## Records provided:
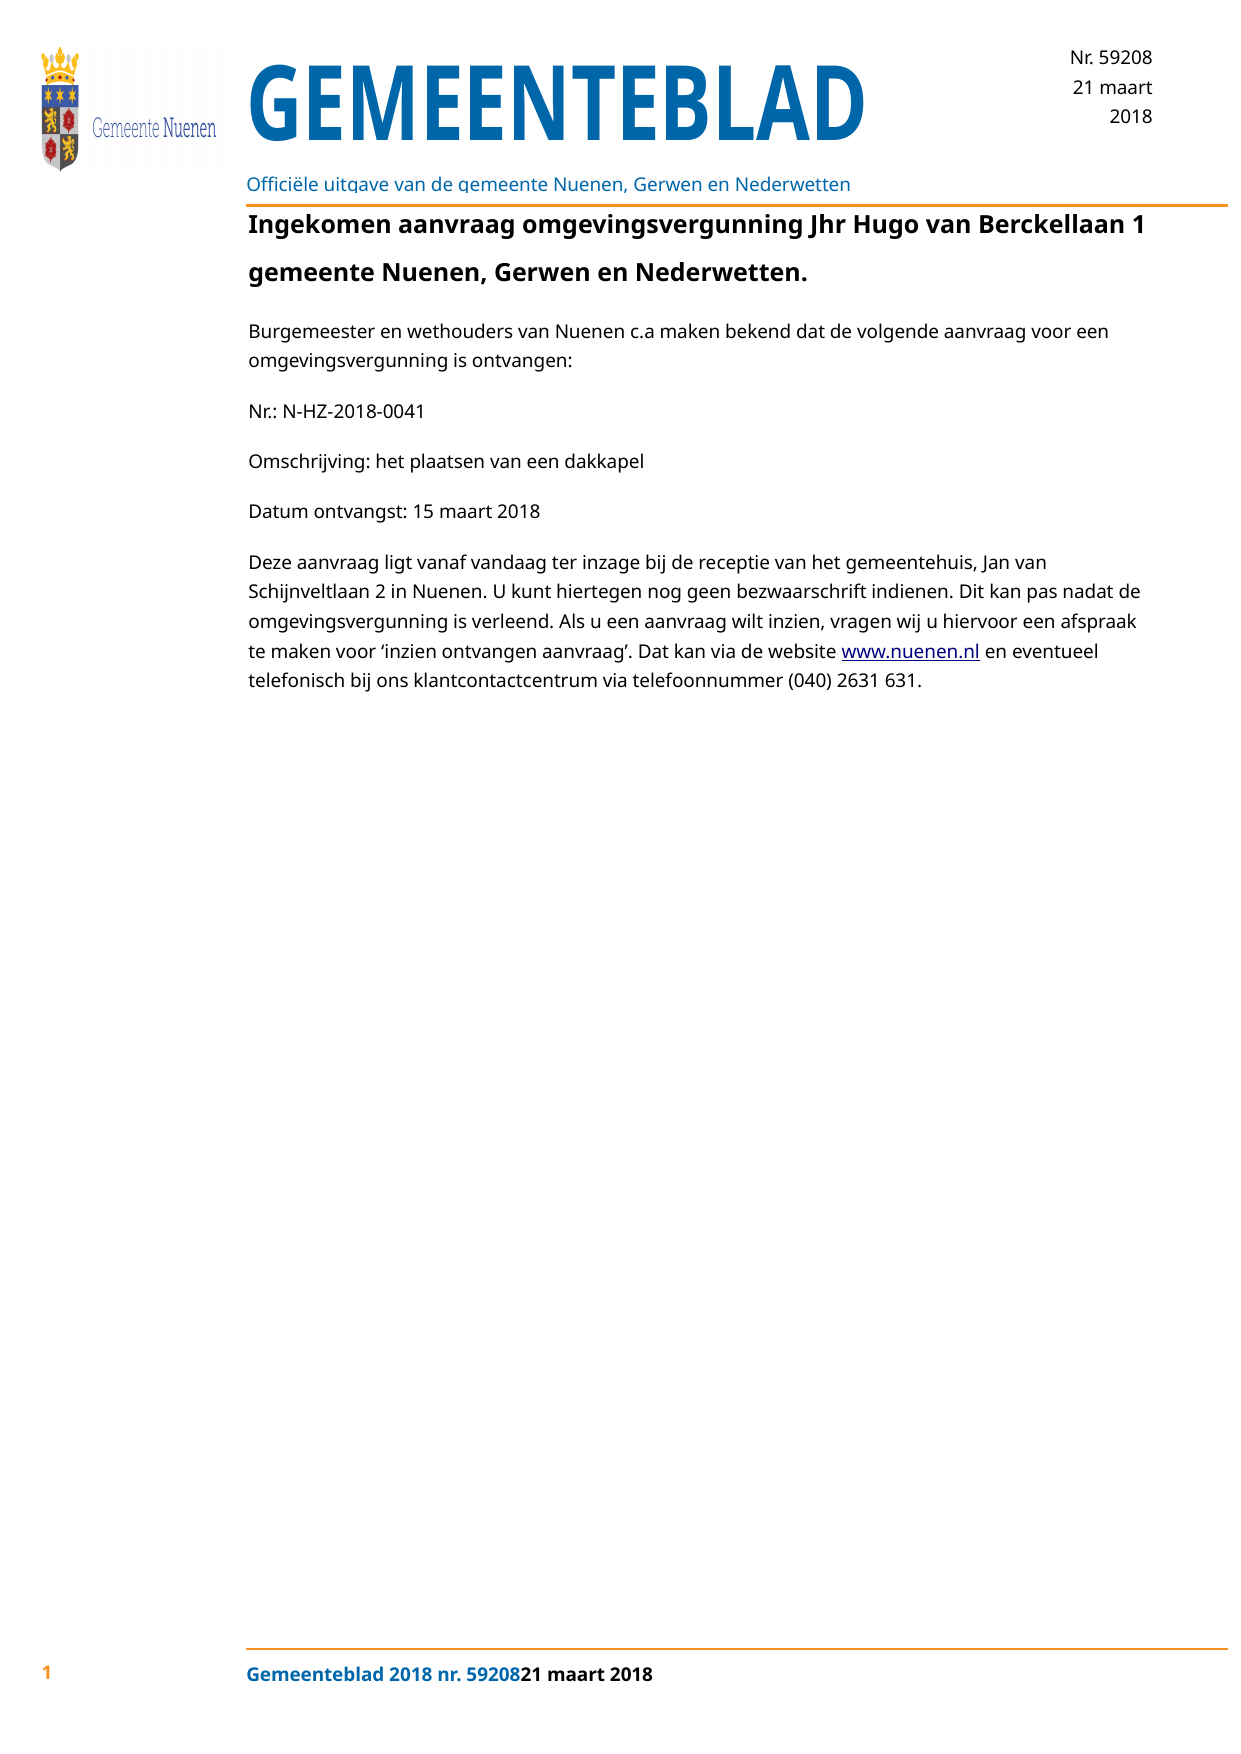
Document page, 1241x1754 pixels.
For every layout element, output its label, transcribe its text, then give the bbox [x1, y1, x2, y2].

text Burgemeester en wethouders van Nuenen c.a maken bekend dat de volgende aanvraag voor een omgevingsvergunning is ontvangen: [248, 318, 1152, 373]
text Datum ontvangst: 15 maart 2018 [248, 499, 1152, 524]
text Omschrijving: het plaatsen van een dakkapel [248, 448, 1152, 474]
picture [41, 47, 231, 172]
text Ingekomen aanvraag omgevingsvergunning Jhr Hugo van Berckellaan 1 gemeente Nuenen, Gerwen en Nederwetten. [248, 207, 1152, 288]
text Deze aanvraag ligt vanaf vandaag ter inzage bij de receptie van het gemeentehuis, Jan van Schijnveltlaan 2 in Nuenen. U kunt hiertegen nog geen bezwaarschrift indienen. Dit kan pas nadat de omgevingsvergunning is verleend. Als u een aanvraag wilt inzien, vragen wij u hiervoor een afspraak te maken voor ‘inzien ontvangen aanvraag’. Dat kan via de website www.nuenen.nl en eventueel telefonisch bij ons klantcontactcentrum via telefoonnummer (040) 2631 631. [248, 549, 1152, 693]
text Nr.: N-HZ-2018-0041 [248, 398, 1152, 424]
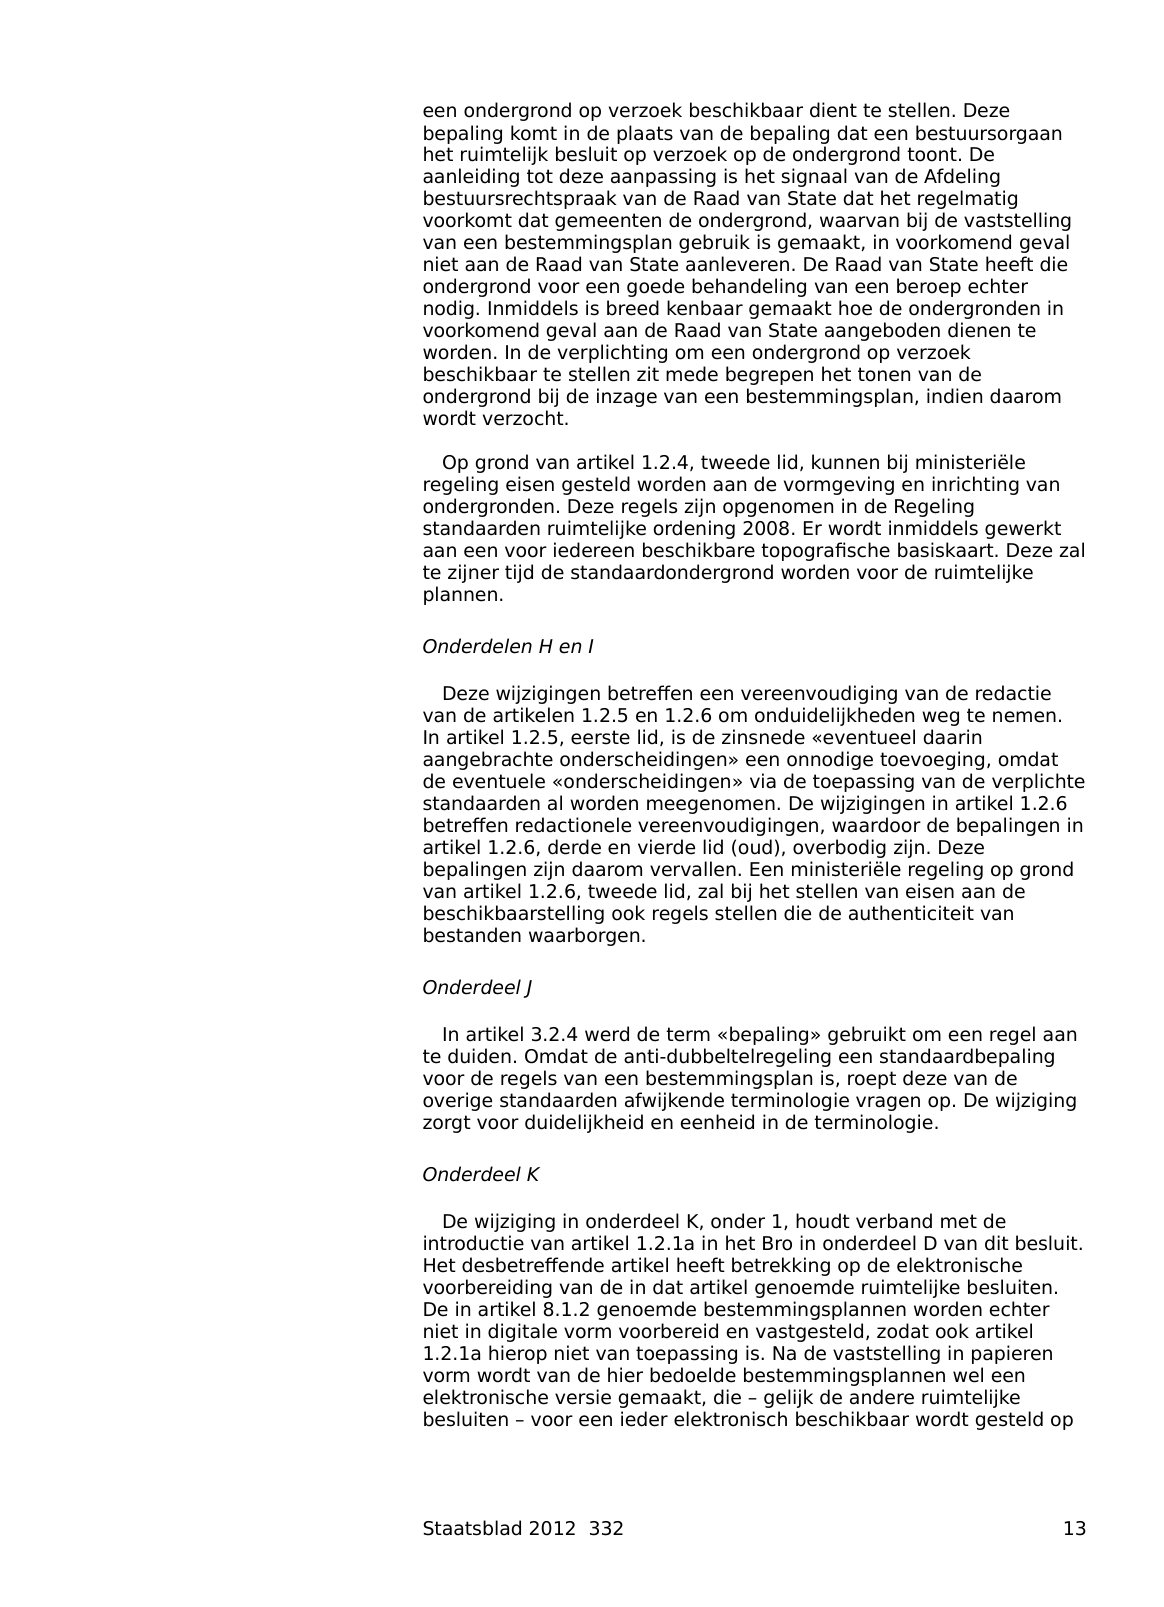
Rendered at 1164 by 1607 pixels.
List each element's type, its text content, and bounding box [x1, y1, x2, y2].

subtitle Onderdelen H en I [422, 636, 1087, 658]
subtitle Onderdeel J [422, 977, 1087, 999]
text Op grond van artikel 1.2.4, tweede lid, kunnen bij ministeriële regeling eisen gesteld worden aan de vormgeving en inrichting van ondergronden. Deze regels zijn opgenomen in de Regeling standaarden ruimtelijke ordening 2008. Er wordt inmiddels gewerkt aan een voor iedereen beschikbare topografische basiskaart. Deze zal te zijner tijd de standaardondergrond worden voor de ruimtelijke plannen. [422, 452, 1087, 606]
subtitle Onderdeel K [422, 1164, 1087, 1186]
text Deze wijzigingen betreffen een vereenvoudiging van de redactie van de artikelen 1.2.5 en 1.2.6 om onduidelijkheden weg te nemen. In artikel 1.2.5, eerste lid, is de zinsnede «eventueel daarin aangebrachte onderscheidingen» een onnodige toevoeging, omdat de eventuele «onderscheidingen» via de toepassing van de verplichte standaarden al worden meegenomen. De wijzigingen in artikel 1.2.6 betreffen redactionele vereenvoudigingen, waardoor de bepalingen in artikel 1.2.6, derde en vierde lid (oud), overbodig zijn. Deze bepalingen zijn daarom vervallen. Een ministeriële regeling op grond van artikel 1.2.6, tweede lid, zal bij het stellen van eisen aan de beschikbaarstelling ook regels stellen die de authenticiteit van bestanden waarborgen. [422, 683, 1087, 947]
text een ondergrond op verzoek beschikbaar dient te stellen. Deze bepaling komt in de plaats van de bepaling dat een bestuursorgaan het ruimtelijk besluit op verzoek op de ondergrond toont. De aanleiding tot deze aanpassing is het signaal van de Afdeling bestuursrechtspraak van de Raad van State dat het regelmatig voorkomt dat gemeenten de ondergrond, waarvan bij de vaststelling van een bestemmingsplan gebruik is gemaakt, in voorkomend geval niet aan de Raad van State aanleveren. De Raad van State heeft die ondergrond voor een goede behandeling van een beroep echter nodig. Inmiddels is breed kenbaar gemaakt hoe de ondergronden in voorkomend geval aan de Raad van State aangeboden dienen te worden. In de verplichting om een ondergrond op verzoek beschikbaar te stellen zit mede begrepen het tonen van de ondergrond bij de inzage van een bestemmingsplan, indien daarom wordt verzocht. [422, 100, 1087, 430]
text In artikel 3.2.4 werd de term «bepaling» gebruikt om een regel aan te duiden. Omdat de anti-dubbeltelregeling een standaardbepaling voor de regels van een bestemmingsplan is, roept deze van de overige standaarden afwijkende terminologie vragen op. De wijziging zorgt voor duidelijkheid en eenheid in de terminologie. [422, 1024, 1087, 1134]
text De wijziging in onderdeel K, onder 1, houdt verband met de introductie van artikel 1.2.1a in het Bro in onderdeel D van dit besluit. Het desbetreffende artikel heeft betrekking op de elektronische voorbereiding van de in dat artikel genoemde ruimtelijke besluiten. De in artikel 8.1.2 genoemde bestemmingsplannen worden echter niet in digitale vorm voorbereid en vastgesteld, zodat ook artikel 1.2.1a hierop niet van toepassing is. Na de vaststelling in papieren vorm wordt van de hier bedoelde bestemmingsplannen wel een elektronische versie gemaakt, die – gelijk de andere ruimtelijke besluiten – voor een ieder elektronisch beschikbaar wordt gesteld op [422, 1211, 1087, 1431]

## Exercise requirements:
Although the records above contain pictures, the copy must not; set down exactly the lines from the one with "text Burgemeester en" up to and including the one with "subtitle Onderdeel J [422, 977, 1087, 999]".

## Reply to the exercise:
text Burgemeester en wethouders van Nuenen c.a maken bekend dat de volgende aanvraag voor een omgevingsvergunning is ontvangen: [248, 318, 1152, 373]
text Datum ontvangst: 15 maart 2018 [248, 499, 1152, 524]
text Omschrijving: het plaatsen van een dakkapel [248, 448, 1152, 474]
picture [41, 47, 231, 172]
text Ingekomen aanvraag omgevingsvergunning Jhr Hugo van Berckellaan 1 gemeente Nuenen, Gerwen en Nederwetten. [248, 207, 1152, 288]
text Deze aanvraag ligt vanaf vandaag ter inzage bij de receptie van het gemeentehuis, Jan van Schijnveltlaan 2 in Nuenen. U kunt hiertegen nog geen bezwaarschrift indienen. Dit kan pas nadat de omgevingsvergunning is verleend. Als u een aanvraag wilt inzien, vragen wij u hiervoor een afspraak te maken voor ‘inzien ontvangen aanvraag’. Dat kan via de website www.nuenen.nl en eventueel telefonisch bij ons klantcontactcentrum via telefoonnummer (040) 2631 631. [248, 549, 1152, 693]
text Nr.: N-HZ-2018-0041 [248, 398, 1152, 424]
Rendered at 1164 by 1607 pixels.
List each element's type, its text content, and bounding box [x1, y1, x2, y2].

subtitle Onderdelen H en I [422, 636, 1087, 658]
subtitle Onderdeel J [422, 977, 1087, 999]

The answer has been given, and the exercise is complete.